#### [ABOUT THIS TASK]
In the records below, begin at the line that has "List each element's" and stop after the line that has "text [១៨៥] គ្រានោះ"; quote those lines verbatim and nothing more.

____

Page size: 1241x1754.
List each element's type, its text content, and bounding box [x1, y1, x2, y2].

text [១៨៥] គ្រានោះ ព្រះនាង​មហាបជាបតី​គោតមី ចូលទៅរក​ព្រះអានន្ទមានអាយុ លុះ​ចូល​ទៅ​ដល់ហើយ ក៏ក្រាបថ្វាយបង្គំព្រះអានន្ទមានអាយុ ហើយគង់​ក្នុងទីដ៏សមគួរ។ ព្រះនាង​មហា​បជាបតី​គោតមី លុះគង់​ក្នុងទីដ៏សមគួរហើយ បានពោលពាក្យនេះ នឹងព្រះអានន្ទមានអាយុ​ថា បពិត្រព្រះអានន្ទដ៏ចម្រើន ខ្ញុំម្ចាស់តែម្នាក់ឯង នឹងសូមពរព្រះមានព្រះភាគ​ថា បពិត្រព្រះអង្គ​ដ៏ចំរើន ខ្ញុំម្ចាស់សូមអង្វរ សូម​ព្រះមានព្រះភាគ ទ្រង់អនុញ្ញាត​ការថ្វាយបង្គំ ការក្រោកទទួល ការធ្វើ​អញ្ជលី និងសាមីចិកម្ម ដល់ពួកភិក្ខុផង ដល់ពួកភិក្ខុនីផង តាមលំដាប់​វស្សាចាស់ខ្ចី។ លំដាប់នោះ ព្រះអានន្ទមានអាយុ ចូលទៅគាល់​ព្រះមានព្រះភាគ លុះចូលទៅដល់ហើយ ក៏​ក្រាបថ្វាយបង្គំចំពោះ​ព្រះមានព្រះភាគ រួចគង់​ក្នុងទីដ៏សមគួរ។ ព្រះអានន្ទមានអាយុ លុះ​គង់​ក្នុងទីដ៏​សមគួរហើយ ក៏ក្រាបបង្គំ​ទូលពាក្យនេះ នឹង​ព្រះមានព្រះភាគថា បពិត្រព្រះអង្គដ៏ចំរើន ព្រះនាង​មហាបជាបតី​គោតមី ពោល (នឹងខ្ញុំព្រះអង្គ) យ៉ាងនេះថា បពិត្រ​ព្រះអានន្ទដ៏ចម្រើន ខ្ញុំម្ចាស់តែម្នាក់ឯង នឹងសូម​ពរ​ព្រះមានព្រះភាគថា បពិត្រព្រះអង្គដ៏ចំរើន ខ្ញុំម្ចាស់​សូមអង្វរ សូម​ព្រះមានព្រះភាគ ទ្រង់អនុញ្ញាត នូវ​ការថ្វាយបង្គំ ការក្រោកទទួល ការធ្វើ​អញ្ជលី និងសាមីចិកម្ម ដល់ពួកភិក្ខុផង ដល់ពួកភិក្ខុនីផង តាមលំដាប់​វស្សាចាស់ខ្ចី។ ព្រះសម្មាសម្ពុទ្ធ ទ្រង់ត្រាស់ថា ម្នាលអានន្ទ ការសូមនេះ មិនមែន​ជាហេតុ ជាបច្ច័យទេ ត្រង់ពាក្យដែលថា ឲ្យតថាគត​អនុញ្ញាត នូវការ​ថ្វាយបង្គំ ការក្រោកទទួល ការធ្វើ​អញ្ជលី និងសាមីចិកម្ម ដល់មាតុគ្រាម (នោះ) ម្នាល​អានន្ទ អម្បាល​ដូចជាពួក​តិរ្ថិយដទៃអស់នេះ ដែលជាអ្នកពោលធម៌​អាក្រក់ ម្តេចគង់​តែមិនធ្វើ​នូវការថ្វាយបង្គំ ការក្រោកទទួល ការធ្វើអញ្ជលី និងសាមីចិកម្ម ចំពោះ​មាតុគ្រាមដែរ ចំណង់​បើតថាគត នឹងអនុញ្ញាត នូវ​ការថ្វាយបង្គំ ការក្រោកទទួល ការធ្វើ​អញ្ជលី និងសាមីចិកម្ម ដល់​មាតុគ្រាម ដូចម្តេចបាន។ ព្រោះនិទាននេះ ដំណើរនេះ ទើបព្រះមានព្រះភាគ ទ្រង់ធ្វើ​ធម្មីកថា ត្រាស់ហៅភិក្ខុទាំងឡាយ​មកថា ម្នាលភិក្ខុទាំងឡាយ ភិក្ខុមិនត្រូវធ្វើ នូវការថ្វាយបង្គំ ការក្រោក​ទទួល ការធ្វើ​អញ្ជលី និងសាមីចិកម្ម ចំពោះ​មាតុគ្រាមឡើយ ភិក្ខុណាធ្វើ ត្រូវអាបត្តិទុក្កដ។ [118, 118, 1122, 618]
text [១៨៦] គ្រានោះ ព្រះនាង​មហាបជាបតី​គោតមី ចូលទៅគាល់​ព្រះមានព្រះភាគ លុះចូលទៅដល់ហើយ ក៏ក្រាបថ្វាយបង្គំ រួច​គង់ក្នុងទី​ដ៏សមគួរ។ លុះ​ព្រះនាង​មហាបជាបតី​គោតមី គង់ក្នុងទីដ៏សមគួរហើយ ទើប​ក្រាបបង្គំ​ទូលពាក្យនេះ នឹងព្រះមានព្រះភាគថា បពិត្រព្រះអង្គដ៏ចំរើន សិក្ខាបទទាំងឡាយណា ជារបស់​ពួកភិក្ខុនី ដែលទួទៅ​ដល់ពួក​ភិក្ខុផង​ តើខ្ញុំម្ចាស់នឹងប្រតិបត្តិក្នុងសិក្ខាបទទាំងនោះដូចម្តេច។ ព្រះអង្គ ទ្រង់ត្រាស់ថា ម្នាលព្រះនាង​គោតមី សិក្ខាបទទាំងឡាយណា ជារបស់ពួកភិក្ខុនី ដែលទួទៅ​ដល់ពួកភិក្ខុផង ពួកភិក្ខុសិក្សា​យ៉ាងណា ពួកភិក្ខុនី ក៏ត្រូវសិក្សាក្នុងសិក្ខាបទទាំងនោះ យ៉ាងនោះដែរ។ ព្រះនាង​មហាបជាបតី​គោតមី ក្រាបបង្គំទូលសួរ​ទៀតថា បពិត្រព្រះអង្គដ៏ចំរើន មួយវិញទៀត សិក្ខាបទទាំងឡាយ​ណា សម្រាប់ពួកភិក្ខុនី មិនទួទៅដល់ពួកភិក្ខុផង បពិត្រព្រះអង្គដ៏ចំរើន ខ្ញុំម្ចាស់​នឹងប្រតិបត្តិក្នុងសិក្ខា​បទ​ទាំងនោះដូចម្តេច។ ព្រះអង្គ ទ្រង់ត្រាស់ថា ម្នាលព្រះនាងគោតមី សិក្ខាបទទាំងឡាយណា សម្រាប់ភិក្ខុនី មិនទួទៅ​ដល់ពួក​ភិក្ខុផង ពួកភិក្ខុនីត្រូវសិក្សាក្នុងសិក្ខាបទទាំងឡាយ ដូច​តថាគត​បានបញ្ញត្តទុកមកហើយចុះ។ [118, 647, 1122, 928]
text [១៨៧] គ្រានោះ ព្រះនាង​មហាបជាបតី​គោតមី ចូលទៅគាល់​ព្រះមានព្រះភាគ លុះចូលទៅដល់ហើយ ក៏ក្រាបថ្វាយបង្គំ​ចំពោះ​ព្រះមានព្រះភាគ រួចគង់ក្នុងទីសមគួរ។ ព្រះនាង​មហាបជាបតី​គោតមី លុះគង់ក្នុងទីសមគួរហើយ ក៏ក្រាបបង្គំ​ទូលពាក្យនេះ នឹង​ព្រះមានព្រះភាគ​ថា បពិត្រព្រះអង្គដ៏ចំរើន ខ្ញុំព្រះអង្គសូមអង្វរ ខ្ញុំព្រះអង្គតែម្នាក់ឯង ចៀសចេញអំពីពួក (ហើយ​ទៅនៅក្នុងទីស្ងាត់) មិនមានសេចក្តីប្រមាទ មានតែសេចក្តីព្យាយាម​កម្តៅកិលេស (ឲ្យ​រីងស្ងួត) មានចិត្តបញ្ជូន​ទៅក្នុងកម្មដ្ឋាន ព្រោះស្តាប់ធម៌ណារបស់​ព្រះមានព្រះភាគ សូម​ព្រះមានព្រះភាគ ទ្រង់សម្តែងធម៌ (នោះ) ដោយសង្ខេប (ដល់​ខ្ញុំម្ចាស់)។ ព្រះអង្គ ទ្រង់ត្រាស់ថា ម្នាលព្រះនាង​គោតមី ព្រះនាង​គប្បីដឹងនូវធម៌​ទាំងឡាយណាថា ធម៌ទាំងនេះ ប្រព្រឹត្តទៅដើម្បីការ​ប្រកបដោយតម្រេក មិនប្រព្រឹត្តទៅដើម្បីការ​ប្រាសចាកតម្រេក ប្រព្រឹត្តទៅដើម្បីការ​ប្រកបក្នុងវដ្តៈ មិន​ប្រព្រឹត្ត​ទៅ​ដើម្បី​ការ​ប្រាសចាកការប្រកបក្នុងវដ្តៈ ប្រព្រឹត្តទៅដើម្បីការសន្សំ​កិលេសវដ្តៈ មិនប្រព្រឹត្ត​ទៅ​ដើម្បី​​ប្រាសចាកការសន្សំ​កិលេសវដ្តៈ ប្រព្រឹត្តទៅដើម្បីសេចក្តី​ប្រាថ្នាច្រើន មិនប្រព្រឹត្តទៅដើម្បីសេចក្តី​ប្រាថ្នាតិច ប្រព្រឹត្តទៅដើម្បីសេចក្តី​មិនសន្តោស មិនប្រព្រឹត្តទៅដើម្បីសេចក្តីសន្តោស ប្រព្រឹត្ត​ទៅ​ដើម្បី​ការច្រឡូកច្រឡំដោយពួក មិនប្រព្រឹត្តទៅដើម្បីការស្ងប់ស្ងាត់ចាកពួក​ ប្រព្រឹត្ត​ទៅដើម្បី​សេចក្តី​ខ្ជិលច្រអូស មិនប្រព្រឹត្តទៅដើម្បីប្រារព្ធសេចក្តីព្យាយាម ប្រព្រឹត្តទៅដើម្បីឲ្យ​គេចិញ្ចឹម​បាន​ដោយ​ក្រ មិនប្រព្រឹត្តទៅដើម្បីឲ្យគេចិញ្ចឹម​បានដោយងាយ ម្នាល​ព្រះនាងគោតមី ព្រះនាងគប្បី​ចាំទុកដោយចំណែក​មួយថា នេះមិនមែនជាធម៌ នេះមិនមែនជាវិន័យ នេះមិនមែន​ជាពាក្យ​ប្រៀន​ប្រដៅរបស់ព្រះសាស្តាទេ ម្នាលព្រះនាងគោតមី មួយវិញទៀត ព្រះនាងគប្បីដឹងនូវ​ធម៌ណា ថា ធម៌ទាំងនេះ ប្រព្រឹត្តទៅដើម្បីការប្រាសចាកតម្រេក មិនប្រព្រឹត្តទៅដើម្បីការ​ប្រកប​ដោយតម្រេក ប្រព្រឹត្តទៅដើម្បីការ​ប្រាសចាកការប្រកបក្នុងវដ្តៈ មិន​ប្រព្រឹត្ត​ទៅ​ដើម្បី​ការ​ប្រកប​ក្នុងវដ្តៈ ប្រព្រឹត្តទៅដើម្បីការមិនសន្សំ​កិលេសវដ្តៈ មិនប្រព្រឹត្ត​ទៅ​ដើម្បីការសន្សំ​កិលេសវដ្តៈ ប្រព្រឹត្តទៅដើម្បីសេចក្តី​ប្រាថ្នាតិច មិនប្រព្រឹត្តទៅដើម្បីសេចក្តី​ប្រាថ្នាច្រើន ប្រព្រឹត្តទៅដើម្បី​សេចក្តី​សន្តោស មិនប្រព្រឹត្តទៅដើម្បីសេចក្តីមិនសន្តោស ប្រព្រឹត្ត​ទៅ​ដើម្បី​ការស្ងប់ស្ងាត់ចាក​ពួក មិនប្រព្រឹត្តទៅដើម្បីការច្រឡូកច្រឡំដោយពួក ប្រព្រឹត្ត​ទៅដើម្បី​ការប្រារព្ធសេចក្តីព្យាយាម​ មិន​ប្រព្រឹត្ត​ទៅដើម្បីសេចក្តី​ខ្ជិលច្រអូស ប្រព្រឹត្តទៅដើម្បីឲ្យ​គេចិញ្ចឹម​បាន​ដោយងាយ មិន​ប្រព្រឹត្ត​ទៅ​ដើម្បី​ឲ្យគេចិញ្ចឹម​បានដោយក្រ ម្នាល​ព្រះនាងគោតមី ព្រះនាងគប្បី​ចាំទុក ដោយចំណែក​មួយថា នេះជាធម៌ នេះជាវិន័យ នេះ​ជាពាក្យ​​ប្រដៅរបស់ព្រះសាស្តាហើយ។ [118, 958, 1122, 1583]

____

#### [RESPONSE TO THE EXERCISE]
List each element's type, its text content, and bounding box [x1, y1, x2, y2].

text [១៨៥] គ្រានោះ ព្រះនាង​មហាបជាបតី​គោតមី ចូលទៅរក​ព្រះអានន្ទមានអាយុ លុះ​ចូល​ទៅ​ដល់ហើយ ក៏ក្រាបថ្វាយបង្គំព្រះអានន្ទមានអាយុ ហើយគង់​ក្នុងទីដ៏សមគួរ។ ព្រះនាង​មហា​បជាបតី​គោតមី លុះគង់​ក្នុងទីដ៏សមគួរហើយ បានពោលពាក្យនេះ នឹងព្រះអានន្ទមានអាយុ​ថា បពិត្រព្រះអានន្ទដ៏ចម្រើន ខ្ញុំម្ចាស់តែម្នាក់ឯង នឹងសូមពរព្រះមានព្រះភាគ​ថា បពិត្រព្រះអង្គ​ដ៏ចំរើន ខ្ញុំម្ចាស់សូមអង្វរ សូម​ព្រះមានព្រះភាគ ទ្រង់អនុញ្ញាត​ការថ្វាយបង្គំ ការក្រោកទទួល ការធ្វើ​អញ្ជលី និងសាមីចិកម្ម ដល់ពួកភិក្ខុផង ដល់ពួកភិក្ខុនីផង តាមលំដាប់​វស្សាចាស់ខ្ចី។ លំដាប់នោះ ព្រះអានន្ទមានអាយុ ចូលទៅគាល់​ព្រះមានព្រះភាគ លុះចូលទៅដល់ហើយ ក៏​ក្រាបថ្វាយបង្គំចំពោះ​ព្រះមានព្រះភាគ រួចគង់​ក្នុងទីដ៏សមគួរ។ ព្រះអានន្ទមានអាយុ លុះ​គង់​ក្នុងទីដ៏​សមគួរហើយ ក៏ក្រាបបង្គំ​ទូលពាក្យនេះ នឹង​ព្រះមានព្រះភាគថា បពិត្រព្រះអង្គដ៏ចំរើន ព្រះនាង​មហាបជាបតី​គោតមី ពោល (នឹងខ្ញុំព្រះអង្គ) យ៉ាងនេះថា បពិត្រ​ព្រះអានន្ទដ៏ចម្រើន ខ្ញុំម្ចាស់តែម្នាក់ឯង នឹងសូម​ពរ​ព្រះមានព្រះភាគថា បពិត្រព្រះអង្គដ៏ចំរើន ខ្ញុំម្ចាស់​សូមអង្វរ សូម​ព្រះមានព្រះភាគ ទ្រង់អនុញ្ញាត នូវ​ការថ្វាយបង្គំ ការក្រោកទទួល ការធ្វើ​អញ្ជលី និងសាមីចិកម្ម ដល់ពួកភិក្ខុផង ដល់ពួកភិក្ខុនីផង តាមលំដាប់​វស្សាចាស់ខ្ចី។ ព្រះសម្មាសម្ពុទ្ធ ទ្រង់ត្រាស់ថា ម្នាលអានន្ទ ការសូមនេះ មិនមែន​ជាហេតុ ជាបច្ច័យទេ ត្រង់ពាក្យដែលថា ឲ្យតថាគត​អនុញ្ញាត នូវការ​ថ្វាយបង្គំ ការក្រោកទទួល ការធ្វើ​អញ្ជលី និងសាមីចិកម្ម ដល់មាតុគ្រាម (នោះ) ម្នាល​អានន្ទ អម្បាល​ដូចជាពួក​តិរ្ថិយដទៃអស់នេះ ដែលជាអ្នកពោលធម៌​អាក្រក់ ម្តេចគង់​តែមិនធ្វើ​នូវការថ្វាយបង្គំ ការក្រោកទទួល ការធ្វើអញ្ជលី និងសាមីចិកម្ម ចំពោះ​មាតុគ្រាមដែរ ចំណង់​បើតថាគត នឹងអនុញ្ញាត នូវ​ការថ្វាយបង្គំ ការក្រោកទទួល ការធ្វើ​អញ្ជលី និងសាមីចិកម្ម ដល់​មាតុគ្រាម ដូចម្តេចបាន។ ព្រោះនិទាននេះ ដំណើរនេះ ទើបព្រះមានព្រះភាគ ទ្រង់ធ្វើ​ធម្មីកថា ត្រាស់ហៅភិក្ខុទាំងឡាយ​មកថា ម្នាលភិក្ខុទាំងឡាយ ភិក្ខុមិនត្រូវធ្វើ នូវការថ្វាយបង្គំ ការក្រោក​ទទួល ការធ្វើ​អញ្ជលី និងសាមីចិកម្ម ចំពោះ​មាតុគ្រាមឡើយ ភិក្ខុណាធ្វើ ត្រូវអាបត្តិទុក្កដ។ [118, 118, 1122, 618]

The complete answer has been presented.